Patrick R Oboyle said:


> ...cause pax are soo stupid they dont know how to dial 911 on there cellphone...
> 
> The articles mentions later in and i saw in a news report about it that it will give 911 operators the paxes gps location. And will allow you to optionally stay quite so you dont alert the driver that police are on there way. Or some stuff like that


It looks a bit like they're giving them the address in the video, but unless they've come to a stop at a destination it's kind of useless giving a gps location that's not constantly updating if they're still on the move.

As we've discussed in the past though there's going to be a lot of driver deactivations over this and a lot of wasted police time as well since they're making it easier. There's psychologically less consequence then actually determining the need for and physically dialing the 911 I would think.

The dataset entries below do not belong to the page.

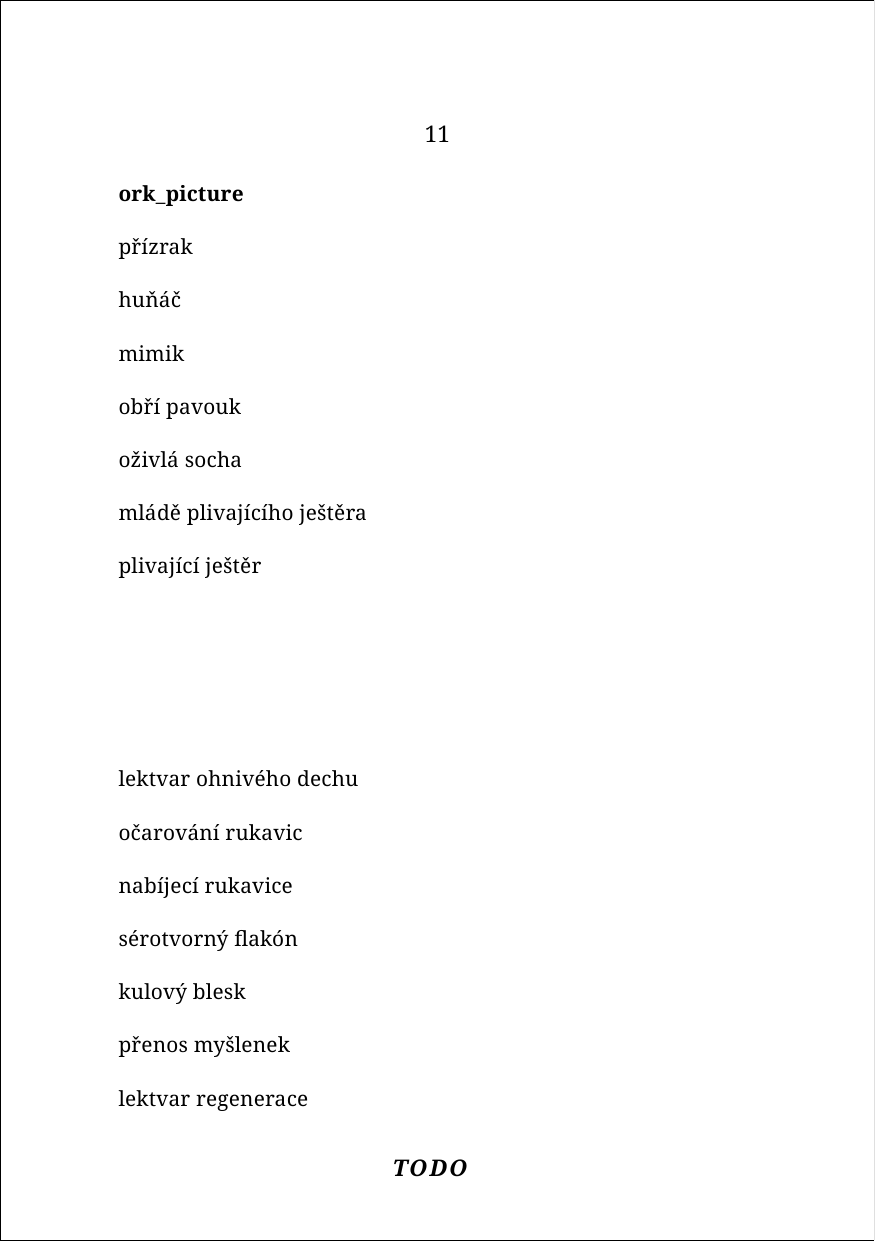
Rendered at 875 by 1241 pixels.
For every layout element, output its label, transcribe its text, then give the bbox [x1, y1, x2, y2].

text lektvar regenerace [118, 1084, 756, 1112]
text mládě plivajícího ještěra [118, 498, 756, 527]
text přízrak [118, 232, 756, 261]
text plivající ještěr [118, 552, 756, 580]
text obří pavouk [118, 392, 756, 420]
text kulový blesk [118, 977, 756, 1006]
text sérotvorný flakón [118, 924, 756, 953]
text oživlá socha [118, 445, 756, 473]
text ork_picture [118, 179, 756, 207]
text přenos myšlenek [118, 1031, 756, 1059]
text očarování rukavic [118, 818, 756, 846]
text huňáč [118, 285, 756, 314]
text nabíjecí rukavice [118, 871, 756, 899]
text mimik [118, 339, 756, 367]
text lektvar ohnivého dechu [118, 764, 756, 793]

I'm hoping all that extra use of municipality resources like 911 is going to spur local municipalities into more tightly regulating both uber, and lyft.


----------



## BurgerTiime (Jun 22, 2015)




----------



## rex jones (Jun 6, 2017)

Can't wait to see this used for stuff like the driver doesn't want to stop through the drive thru or doesn't want to follow "my" directions.


----------



## Wonkytonk (Jan 28, 2018)

rex jones said:


> Can't wait to see this used for stuff like the driver doesn't want to stop through the drive thru or doesn't want to follow "my" directions.

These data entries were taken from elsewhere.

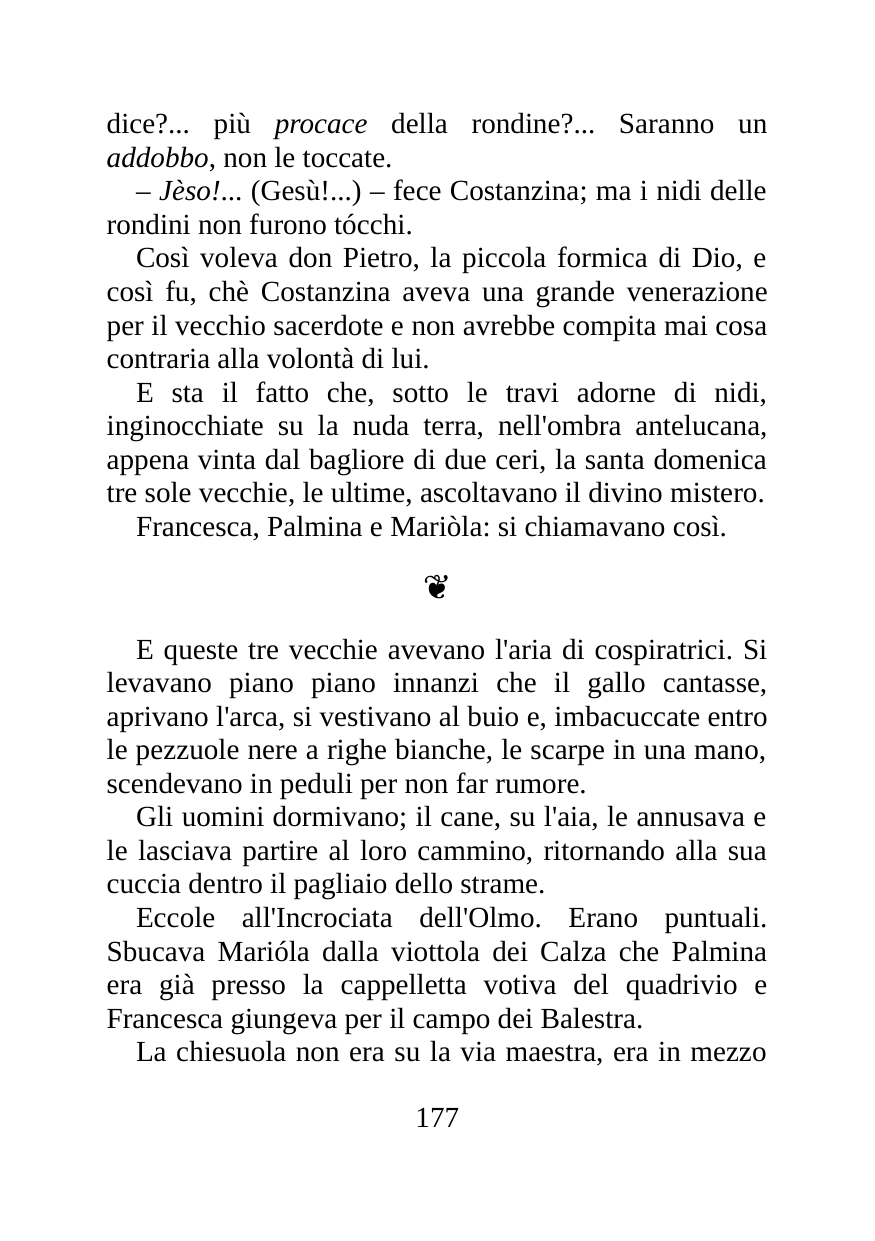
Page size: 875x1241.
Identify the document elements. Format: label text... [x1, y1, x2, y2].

text Eccole all'Incrociata dell'Olmo. Erano puntuali. Sbucava Marióla dalla viottola dei Calza che Palmina era già presso la cappelletta votiva del quadrivio e Francesca giungeva per il campo dei Balestra. [106, 900, 768, 1034]
text E queste tre vecchie avevano l'aria di cospiratrici. Si levavano piano piano innanzi che il gallo cantasse, aprivano l'arca, si vestivano al buio e, imbacuccate entro le pezzuole nere a righe bianche, le scarpe in una mano, scendevano in peduli per non far rumore. [106, 632, 768, 799]
text ‒ Jèso!... (Gesù!...) ‒ fece Costanzina; ma i nidi delle rondini non furono tócchi. [106, 173, 768, 241]
text Francesca, Palmina e Mariòla: si chiamavano così. [106, 509, 768, 542]
text La chiesuola non era su la via maestra, era in mezzo [106, 1034, 768, 1068]
text Così voleva don Pietro, la piccola formica di Dio, e così fu, chè Costanzina aveva una grande venerazione per il vecchio sacerdote e non avrebbe compita mai cosa contraria alla volontà di lui. [106, 241, 768, 375]
text ❦ [106, 567, 768, 607]
text E sta il fatto che, sotto le travi adorne di nidi, inginocchiate su la nuda terra, nell'ombra antelucana, appena vinta dal bagliore di due ceri, la santa domenica tre sole vecchie, le ultime, ascoltavano il divino mistero. [106, 375, 768, 509]
text dice?... più procace della rondine?... Saranno un addobbo, non le toccate. [106, 106, 768, 173]
text Gli uomini dormivano; il cane, su l'aia, le annusava e le lasciava partire al loro cammino, ritornando alla sua cuccia dentro il pagliaio dello strame. [106, 799, 768, 900]

It's funny in a sad way because you know it's gonna happen.

I saw an idiot dial 911 when a laundry cart hit his rear bumper going less than 2 miles an hour. No damage visible, but he was pissed so he dialed that number to have the police respond to his emergency.


----------



## Mista T (Aug 16, 2017)

It would be nice if they offered a driver 911 panic button, for when drivers need help with potentially dangerous pax.

Is that going too far? I mean... there's a good reason that 90%+ of late night drivers are men.


----------



## Uberfunitis (Oct 21, 2016)

Mista T said:


> It would be nice if they offered a driver 911 panic button, for when drivers need help with potentially dangerous pax.
> 
> Is that going too far? I mean... there's a good reason that 90%+ of late night drivers are men.


supposedly that is coming in a latter update.


----------



## Wonkytonk (Jan 28, 2018)

Mista T said:


> It would be nice if they offered a driver 911 panic button, for when drivers need help with potentially dangerous pax.
> 
> Is that going too far? I mean... there's a good reason that 90%+ of late night drivers are men.


Seems like they could have released both at the same time. I don't know really but I would think a lot of the code base for that functionality would be almost identical to the pax panic button.



Uberfunitis said:


> supposedly that is coming in a latter update.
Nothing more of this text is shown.